1. Treat these as non-URLs: check if the string has a leading `scheme:`, then look at everything after that.
   - Nothing specced does this. (Although I suspect a decent amount of un-specced non-browser software might.)
   - This is probably not a good idea, if we want to call these things URLs at all. For example, it misses canonicalizations like percent-decoding and whitespace-stripping that are otherwise common to URLs.
2. [Parse](https://url.spec.whatwg.org/#concept-url-parser) the URL. Check if its scheme is the one you want. Then, [serialize](https://url.spec.whatwg.org/#concept-url-serializer) them, and strip the leading scheme. (Maybe also strip the fragment?) Now process that remaining set of code units.
   - This is how the relatively-new [`data:` URL processor](https://fetch.spec.whatwg.org/#data-url-processor) spec works
   - This is how the very old [`javascript:` URL processing](https://html.spec.whatwg.org/#javascript-protocol) is specced (although I don't think we have extensive tests in that area)
3. [Parse](https://url.spec.whatwg.org/#concept-url-parser) the URL. Now, validate it according to some strict criteria, such as: no username, no password, no host, no port, maybe no query, maybe no fragment. Now, process the path, and optionally process the query or fragment, if those are allowed for your scheme.
   - Nothing specced does this, yet.
   - This might be better than (2), as it is stricter validation, and more in line with the traditional RFCs, which consider these "everything after the scheme" URLs as having paths only.
   - This model seems a bit weird in that if your `<some arbitrary data>` contains `?`s or `#`s, you have to model that as allowing queries and fragments, and then processing `${path}?${query}#${fragment}`. Whereas (2) just lets you process the whole string at once.
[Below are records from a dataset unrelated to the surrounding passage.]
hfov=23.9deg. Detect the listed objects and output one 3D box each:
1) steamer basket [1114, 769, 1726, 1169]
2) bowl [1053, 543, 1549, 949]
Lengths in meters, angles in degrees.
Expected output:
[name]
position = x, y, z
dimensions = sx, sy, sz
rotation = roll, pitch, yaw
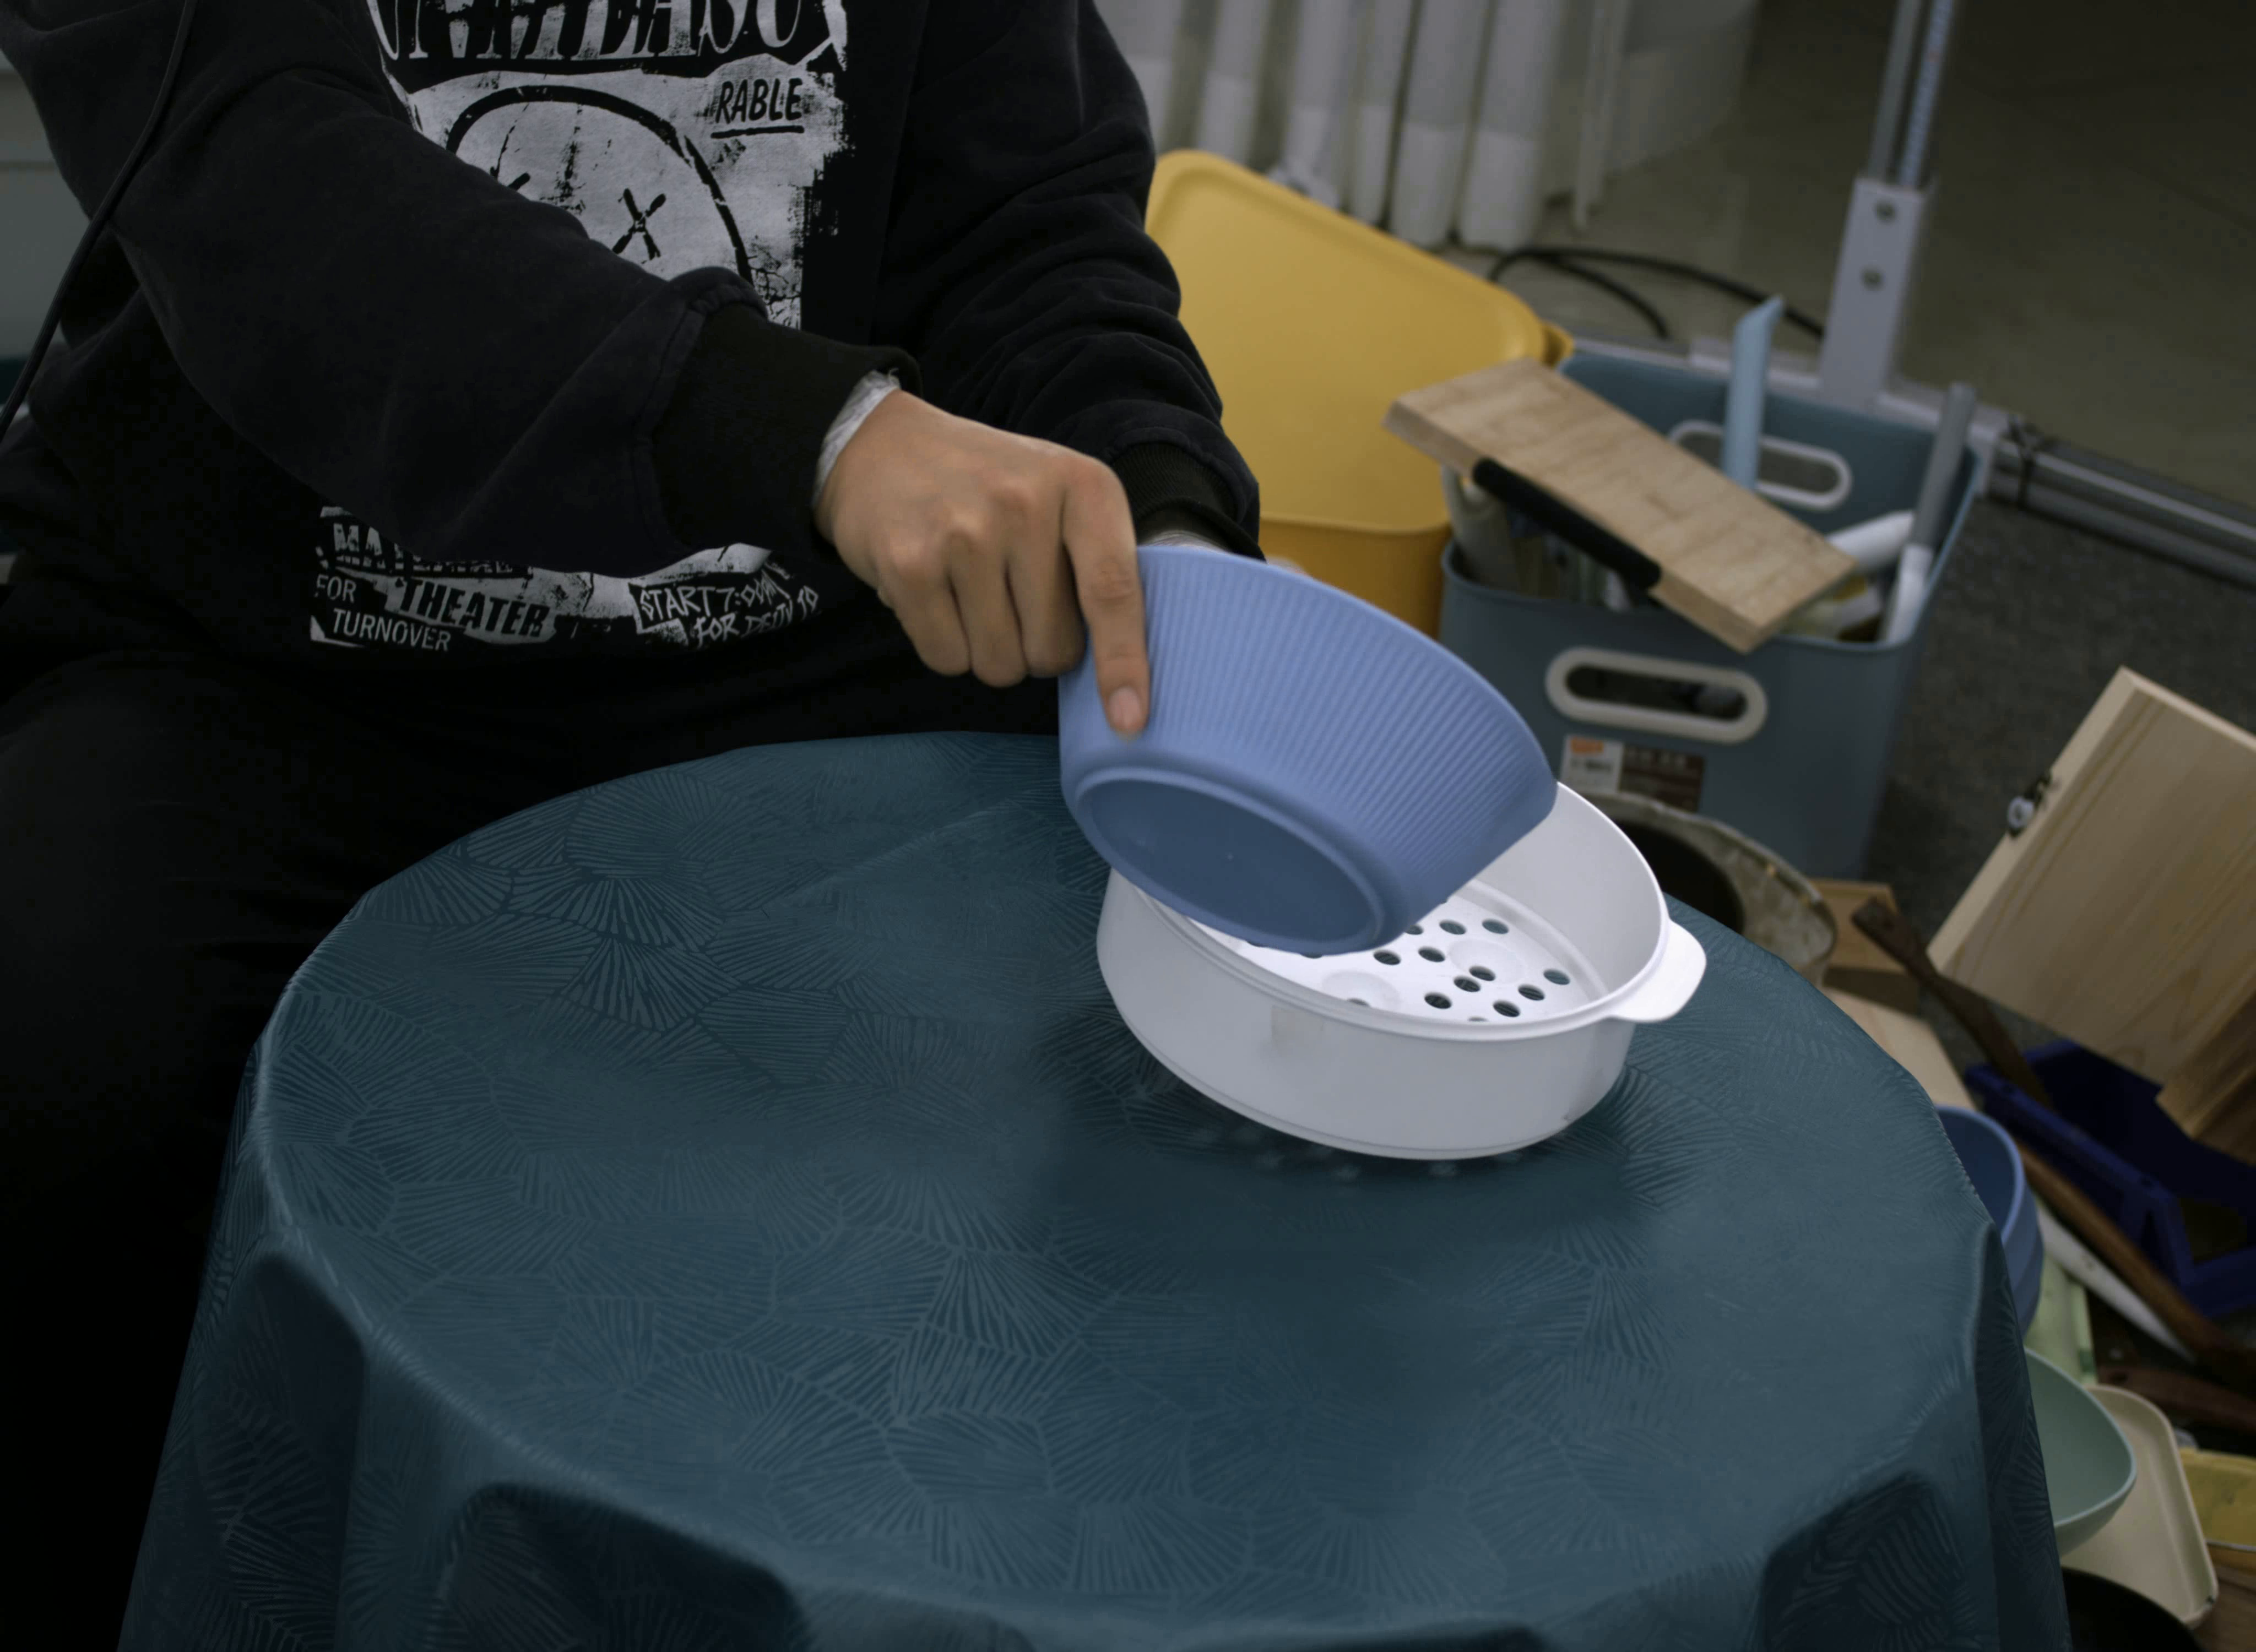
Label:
[steamer basket]
position = 0.094, 0.041, 1.885
dimensions = 0.231, 0.069, 0.202
rotation = 23, 32, 12
[bowl]
position = 0.044, -0.017, 1.736
dimensions = 0.176, 0.175, 0.070
rotation = 17, 67, 19

An interesting example contrasting (2) and (3) is the following: `javascript://somehost/%0Aalert(1)`
- In (2), it would work, and cause an alert, because the source string `//somehost/\nalert(1)` is interpreted as a comment followed by an alert. 
- In (3), it would fail, since we'd validate that hosts aren't present in `javascript:` URLs.

Another example is that `mailto:///d@domenic.me` is interpreted as containing a `<some data here>` of `///d@domenic.me` in (2) and a path of `/d@domenic.me` in (3).

There are probably more interesting examples of this sort.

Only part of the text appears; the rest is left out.